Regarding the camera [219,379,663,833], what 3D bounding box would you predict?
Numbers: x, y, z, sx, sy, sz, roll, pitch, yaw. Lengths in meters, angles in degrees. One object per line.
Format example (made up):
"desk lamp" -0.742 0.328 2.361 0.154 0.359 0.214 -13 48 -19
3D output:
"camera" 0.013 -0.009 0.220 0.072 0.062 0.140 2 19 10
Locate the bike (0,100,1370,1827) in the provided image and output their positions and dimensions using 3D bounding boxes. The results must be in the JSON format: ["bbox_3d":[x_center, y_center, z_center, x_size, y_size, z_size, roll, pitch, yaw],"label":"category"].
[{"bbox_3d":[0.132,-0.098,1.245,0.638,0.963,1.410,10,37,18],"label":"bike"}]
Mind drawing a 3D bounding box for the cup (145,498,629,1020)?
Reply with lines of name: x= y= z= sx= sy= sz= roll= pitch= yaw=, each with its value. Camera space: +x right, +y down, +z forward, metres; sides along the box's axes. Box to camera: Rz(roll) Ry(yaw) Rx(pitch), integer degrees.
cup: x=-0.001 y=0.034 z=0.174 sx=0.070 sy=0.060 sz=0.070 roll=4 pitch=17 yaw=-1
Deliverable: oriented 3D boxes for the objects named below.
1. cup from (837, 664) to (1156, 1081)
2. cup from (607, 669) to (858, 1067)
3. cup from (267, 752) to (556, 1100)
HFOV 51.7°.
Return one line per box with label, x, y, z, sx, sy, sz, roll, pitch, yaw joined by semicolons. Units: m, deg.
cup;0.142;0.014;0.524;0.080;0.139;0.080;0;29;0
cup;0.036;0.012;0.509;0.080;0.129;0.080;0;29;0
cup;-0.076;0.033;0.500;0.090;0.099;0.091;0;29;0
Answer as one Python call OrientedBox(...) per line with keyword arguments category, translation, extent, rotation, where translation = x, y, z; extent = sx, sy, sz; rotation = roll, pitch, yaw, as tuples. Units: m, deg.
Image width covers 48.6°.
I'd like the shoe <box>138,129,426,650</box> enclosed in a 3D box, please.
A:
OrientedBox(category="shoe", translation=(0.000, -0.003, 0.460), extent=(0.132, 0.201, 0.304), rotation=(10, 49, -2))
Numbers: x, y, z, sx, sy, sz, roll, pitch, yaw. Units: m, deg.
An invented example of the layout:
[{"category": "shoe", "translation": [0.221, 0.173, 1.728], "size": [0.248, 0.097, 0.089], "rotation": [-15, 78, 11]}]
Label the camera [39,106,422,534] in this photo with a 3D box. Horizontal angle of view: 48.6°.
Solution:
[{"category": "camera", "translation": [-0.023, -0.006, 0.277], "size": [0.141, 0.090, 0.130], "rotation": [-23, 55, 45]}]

Try it - Single out each line of the records above with the string "example" in it, and copy it.

Exercise output -
Format example (made up):
An invented example of the layout:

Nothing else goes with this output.